Successful English Referendum

What would be the consequences if England voted to leave the Union in a popular referendum?

It would no longer be part of the Union? :p

But seriously, is that possible? I mean, there's no separate English government like there is in Scotland and Wales, aren't there?
 
What would be the consequences if England voted to leave the Union in a popular referendum?

its a UK wide vote, although it would be interesting if England and NI narrowly voted to leave, and Scotland and Wales voted to stay. Would pose an interesting constitutional question.
 
its a UK wide vote, although it would be interesting if England and NI narrowly voted to leave, and Scotland and Wales voted to stay. Would pose an interesting constitutional question.

Wales might finally become its own Kingdom instead of a Principality (assuming they are still in the Commonwealth and keep the Queen) as it wouldn't be a part of England any more.

The rump UK that remains might seeks stronger ties with Ireland in the spirit of 'Celtic brotherhood' or somesuch. Maybe you see Brittany split off from France and the Celtic nations (minus Cornwall and Mann which would remain part of England I think) come closer together and form some kind of association or the Celtic Congress becomes a political organisation.

If Northern Ireland becomes its own independent state without England, I'd expect tensions there to flare up again and something like the Troubles to start back up before too long.
 
But would it be a UK wide vote? Scotland's referendum was only for the Scots. Successive British governments have always denied the English a national status, speaking only of regions and a reaction is a noticeable rise in English awareness and the English flag is commonly seen whereas it was rarely seen years ago. Happily it has shed it's loony right wing associations and has been claimed back by the English people of varied origins.

The EU is far from a give away of national sovereignty. It is an umbrella under which nationalities can gain independence within a larger family. England, Catalonia, Lombardy, Flanders etc. can regain their identities without disbenefits of scale. A balkanisation of Europe might give Europe a common identity and purpose in the world that better fits it in the 21st century. This might be a platform from which the English vote for independence. The Commonwealth is a red herring. A valuable piece of social networking at a national level but the Europe is England's home. To the modern English the British Empire is as ancient and irrelevant as the Roman Empire is to Italians or the Spanish to Spaniards. The last election demonstrated that England is a distinct political animal to the rest of the Union.
 
I doubt much would happen.

England may see itself as big enough to assume the UN Sec. Council role, or the G20. OK, the former may be a stretch, but the latter isn't. English GVA alone would be well within the top 10 GDPs if England ever become sovereign again.

I doubt it would have nukes, but it would be imho a UK-lite in many respects.
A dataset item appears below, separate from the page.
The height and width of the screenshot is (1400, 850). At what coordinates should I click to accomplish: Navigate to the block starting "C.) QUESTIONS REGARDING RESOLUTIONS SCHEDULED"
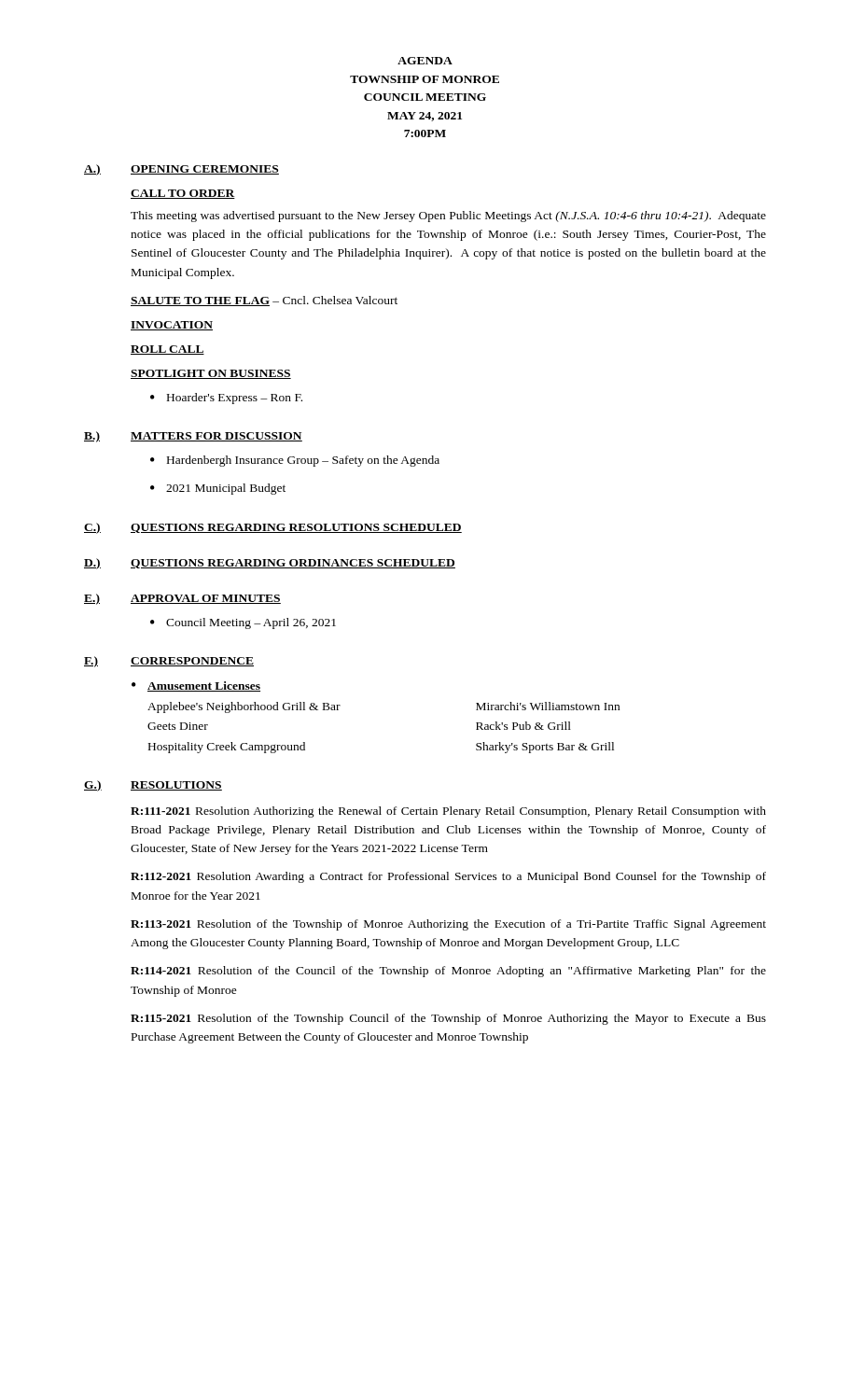pos(273,527)
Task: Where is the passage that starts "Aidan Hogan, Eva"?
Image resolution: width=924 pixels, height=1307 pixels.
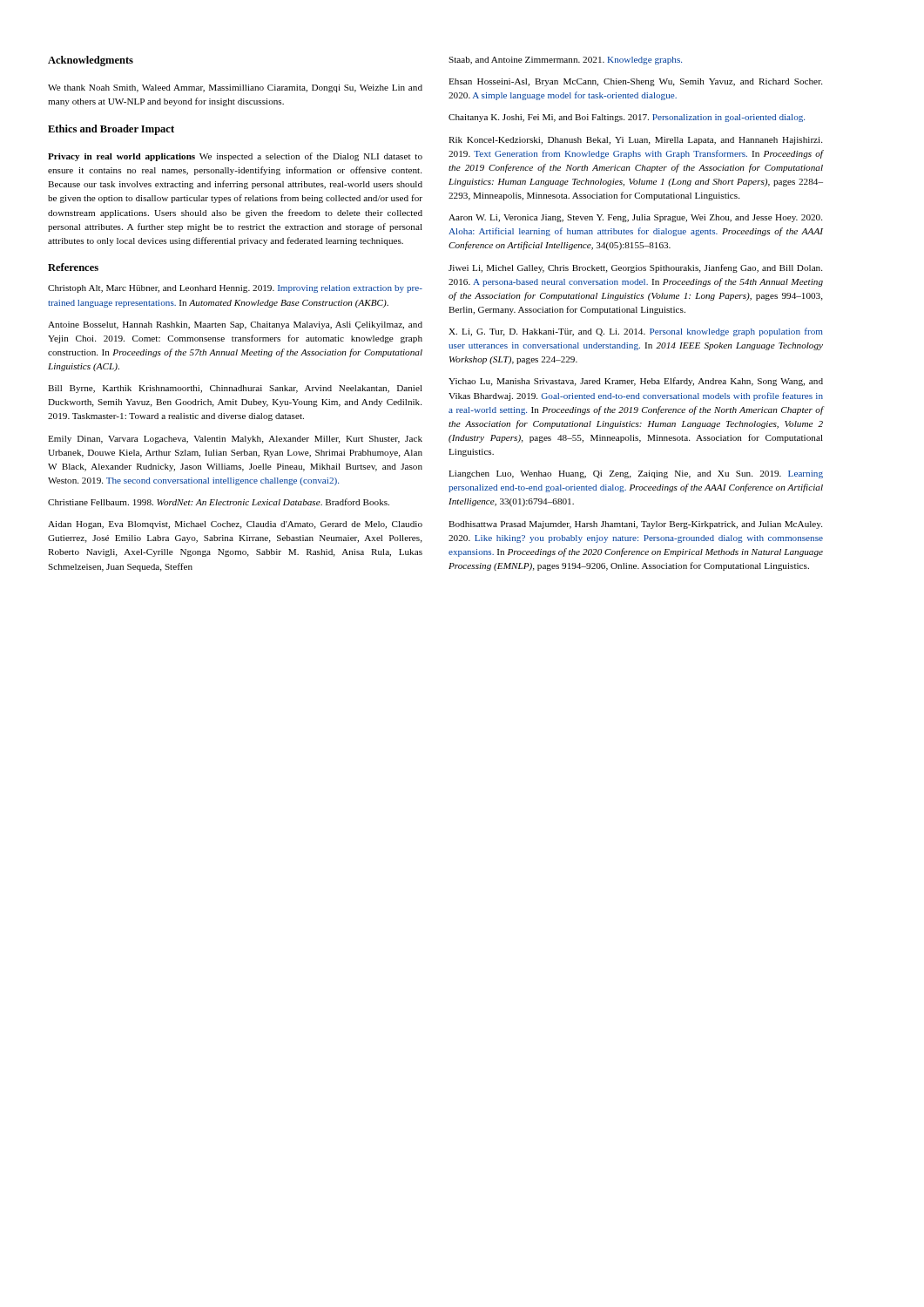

This is not to be arrogant or biased/subjective as an Englishman, but England is more or less the reason the UK has a large world economy. And there is London,top unis like Oxbridge, UCL and LSE (arguably the best in the world bar the Ivy League). I think a sovereign England would do well.
 
its a UK wide vote, although it would be interesting if England and NI narrowly voted to leave, and Scotland and Wales voted to stay. Would pose an interesting constitutional question.

He means 'The' Union, not the EU. Aka 'what if England, not Scotland, had a big movement that wanted to break up the UK?'

That's like... Russia leaving the Soviet union or Prussia deciding to secede from Germany. Or Turkey leaving the Ottoman Empire.

Didn't two of those happen?
 
I doubt much would happen.

England may see itself as big enough to assume the UN Sec. Council role, or the G20. OK, the former may be a stretch, but the latter isn't. English GVA alone would be well within the top 10 GDPs if England ever become sovereign again.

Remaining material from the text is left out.